RECORDS SUPPLIED:
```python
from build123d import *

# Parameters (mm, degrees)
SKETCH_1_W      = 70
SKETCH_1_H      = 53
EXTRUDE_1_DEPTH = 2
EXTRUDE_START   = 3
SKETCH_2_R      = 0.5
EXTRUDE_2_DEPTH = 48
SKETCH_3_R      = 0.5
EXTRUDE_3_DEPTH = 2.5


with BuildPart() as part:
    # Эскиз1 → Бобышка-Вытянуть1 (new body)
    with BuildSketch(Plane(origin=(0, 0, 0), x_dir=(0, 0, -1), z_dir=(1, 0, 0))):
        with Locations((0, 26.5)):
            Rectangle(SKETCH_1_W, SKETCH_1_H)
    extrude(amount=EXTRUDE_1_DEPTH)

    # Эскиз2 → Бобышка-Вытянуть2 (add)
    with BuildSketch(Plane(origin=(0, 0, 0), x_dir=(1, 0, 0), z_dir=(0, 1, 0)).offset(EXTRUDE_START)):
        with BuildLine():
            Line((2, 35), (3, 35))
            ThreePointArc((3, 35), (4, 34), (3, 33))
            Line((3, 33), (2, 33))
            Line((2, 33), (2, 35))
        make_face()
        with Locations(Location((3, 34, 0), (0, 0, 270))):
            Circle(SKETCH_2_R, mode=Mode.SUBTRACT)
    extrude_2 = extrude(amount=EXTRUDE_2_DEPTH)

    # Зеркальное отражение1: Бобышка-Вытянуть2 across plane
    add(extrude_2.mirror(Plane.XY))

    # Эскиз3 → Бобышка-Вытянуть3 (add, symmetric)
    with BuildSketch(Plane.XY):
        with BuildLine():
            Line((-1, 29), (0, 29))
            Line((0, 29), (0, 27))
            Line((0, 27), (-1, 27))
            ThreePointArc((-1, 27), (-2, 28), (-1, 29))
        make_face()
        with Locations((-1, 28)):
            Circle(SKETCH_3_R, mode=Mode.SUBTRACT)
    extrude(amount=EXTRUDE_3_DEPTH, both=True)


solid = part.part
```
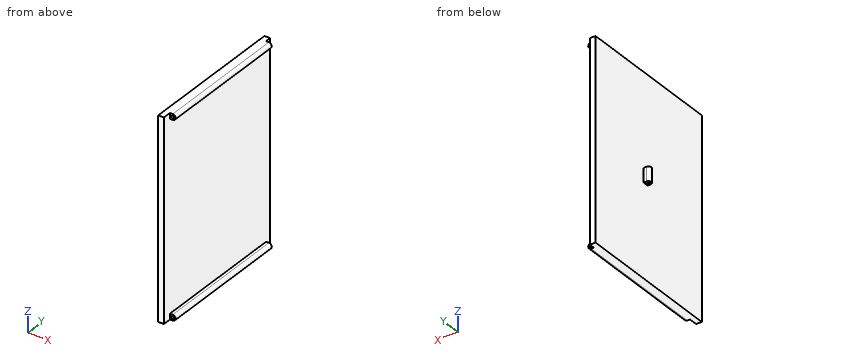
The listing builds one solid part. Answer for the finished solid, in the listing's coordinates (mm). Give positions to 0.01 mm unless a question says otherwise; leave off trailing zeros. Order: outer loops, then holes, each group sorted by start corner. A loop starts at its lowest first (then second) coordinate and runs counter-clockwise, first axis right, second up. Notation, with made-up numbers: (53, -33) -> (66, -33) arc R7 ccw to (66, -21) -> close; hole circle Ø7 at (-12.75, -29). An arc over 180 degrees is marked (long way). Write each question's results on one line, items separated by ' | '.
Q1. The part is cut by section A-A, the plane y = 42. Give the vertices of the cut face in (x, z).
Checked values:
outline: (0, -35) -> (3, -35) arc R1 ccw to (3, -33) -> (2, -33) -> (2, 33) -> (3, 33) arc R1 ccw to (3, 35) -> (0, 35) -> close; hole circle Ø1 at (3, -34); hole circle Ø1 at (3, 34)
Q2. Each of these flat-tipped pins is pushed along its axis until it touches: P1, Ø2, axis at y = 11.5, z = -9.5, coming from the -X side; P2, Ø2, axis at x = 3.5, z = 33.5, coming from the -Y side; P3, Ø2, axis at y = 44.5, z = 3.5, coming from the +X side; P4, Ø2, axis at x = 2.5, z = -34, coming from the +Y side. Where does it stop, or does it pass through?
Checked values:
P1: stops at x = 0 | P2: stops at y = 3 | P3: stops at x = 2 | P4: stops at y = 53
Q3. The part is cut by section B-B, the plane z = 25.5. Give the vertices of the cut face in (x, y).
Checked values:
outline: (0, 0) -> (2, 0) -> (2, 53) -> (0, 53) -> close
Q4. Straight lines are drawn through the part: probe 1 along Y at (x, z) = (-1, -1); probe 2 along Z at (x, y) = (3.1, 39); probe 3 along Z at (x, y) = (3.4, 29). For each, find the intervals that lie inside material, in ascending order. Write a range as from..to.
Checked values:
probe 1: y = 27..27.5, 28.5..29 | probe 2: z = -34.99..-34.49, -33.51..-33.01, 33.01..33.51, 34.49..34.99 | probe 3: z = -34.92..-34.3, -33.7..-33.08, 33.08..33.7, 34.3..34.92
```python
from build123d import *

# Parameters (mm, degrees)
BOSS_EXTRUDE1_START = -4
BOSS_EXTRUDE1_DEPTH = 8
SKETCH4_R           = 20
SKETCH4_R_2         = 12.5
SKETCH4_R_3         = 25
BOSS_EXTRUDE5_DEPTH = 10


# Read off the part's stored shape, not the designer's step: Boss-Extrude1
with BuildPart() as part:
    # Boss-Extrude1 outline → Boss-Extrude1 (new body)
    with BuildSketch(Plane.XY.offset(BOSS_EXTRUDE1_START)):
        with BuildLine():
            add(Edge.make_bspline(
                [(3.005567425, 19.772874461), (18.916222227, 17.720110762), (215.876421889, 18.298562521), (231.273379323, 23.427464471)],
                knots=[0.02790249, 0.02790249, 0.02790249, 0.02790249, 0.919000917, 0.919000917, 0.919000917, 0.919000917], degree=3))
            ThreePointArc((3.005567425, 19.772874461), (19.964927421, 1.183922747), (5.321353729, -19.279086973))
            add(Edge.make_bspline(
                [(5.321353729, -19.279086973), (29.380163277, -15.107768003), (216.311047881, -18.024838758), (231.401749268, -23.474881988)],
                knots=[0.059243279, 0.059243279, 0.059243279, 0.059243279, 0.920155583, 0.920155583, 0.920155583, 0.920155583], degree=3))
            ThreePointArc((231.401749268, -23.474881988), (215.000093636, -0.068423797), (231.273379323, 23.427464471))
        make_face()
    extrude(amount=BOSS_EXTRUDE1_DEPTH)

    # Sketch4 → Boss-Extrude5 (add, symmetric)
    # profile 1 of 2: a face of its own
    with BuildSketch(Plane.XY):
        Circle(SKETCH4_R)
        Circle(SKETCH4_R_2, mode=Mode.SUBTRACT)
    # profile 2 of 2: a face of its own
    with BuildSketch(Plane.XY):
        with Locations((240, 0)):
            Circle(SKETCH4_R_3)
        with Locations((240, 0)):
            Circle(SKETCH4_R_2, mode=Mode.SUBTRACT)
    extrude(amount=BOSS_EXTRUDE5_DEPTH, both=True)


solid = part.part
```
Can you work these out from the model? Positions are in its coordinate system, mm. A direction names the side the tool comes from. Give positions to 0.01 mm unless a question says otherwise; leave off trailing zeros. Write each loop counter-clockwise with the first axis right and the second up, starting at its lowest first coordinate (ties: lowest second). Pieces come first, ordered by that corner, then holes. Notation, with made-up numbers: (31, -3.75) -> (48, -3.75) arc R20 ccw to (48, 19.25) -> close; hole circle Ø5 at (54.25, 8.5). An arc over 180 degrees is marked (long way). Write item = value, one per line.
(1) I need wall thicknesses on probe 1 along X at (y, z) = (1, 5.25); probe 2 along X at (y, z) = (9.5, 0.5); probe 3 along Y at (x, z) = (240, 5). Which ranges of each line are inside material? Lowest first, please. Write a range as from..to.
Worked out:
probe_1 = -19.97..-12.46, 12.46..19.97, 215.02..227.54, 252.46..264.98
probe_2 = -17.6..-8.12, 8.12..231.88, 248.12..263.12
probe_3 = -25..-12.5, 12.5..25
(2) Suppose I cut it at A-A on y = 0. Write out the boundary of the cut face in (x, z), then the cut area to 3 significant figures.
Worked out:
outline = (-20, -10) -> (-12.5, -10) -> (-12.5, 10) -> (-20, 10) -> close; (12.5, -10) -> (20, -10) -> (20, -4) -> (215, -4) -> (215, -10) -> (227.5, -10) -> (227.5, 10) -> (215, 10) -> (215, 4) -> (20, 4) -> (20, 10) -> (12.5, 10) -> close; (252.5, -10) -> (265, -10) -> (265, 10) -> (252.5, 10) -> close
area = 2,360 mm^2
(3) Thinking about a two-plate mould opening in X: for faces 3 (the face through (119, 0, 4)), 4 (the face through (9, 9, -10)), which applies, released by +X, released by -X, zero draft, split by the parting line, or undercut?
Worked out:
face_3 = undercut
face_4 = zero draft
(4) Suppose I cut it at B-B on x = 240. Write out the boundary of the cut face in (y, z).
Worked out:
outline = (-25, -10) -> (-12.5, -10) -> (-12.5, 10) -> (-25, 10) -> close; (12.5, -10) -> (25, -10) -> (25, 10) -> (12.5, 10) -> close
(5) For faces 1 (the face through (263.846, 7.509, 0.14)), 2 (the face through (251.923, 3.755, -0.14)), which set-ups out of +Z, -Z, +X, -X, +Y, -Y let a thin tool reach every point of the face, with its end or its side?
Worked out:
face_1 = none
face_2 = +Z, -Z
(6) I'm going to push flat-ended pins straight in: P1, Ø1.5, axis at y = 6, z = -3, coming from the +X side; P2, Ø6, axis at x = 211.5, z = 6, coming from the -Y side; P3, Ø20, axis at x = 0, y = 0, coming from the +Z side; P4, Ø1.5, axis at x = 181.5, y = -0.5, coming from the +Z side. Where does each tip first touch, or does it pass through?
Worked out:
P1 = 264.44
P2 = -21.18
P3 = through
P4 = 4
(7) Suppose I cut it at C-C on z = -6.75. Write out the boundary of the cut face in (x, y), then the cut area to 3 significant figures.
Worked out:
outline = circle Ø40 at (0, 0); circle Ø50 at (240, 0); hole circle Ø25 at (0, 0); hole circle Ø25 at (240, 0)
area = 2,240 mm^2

REQUIREMENT: Search the material above for the word "over", then copy each line that holds it.

ANSWER TO THIS PROBLEM:
The listing builds one solid part. Answer for the finished solid, in the listing's coordinates (mm). Give positions to 0.01 mm unless a question says otherwise; leave off trailing zeros. Order: outer loops, then holes, each group sorted by start corner. A loop starts at its lowest first (then second) coordinate and runs counter-clockwise, first axis right, second up. Notation, with made-up numbers: (53, -33) -> (66, -33) arc R7 ccw to (66, -21) -> close; hole circle Ø7 at (-12.75, -29). An arc over 180 degrees is marked (long way). Write each question's results on one line, items separated by ' | '.
Can you work these out from the model? Positions are in its coordinate system, mm. A direction names the side the tool comes from. Give positions to 0.01 mm unless a question says otherwise; leave off trailing zeros. Write each loop counter-clockwise with the first axis right and the second up, starting at its lowest first coordinate (ties: lowest second). Pieces come first, ordered by that corner, then holes. Notation, with made-up numbers: (31, -3.75) -> (48, -3.75) arc R20 ccw to (48, 19.25) -> close; hole circle Ø5 at (54.25, 8.5). An arc over 180 degrees is marked (long way). Write item = value, one per line.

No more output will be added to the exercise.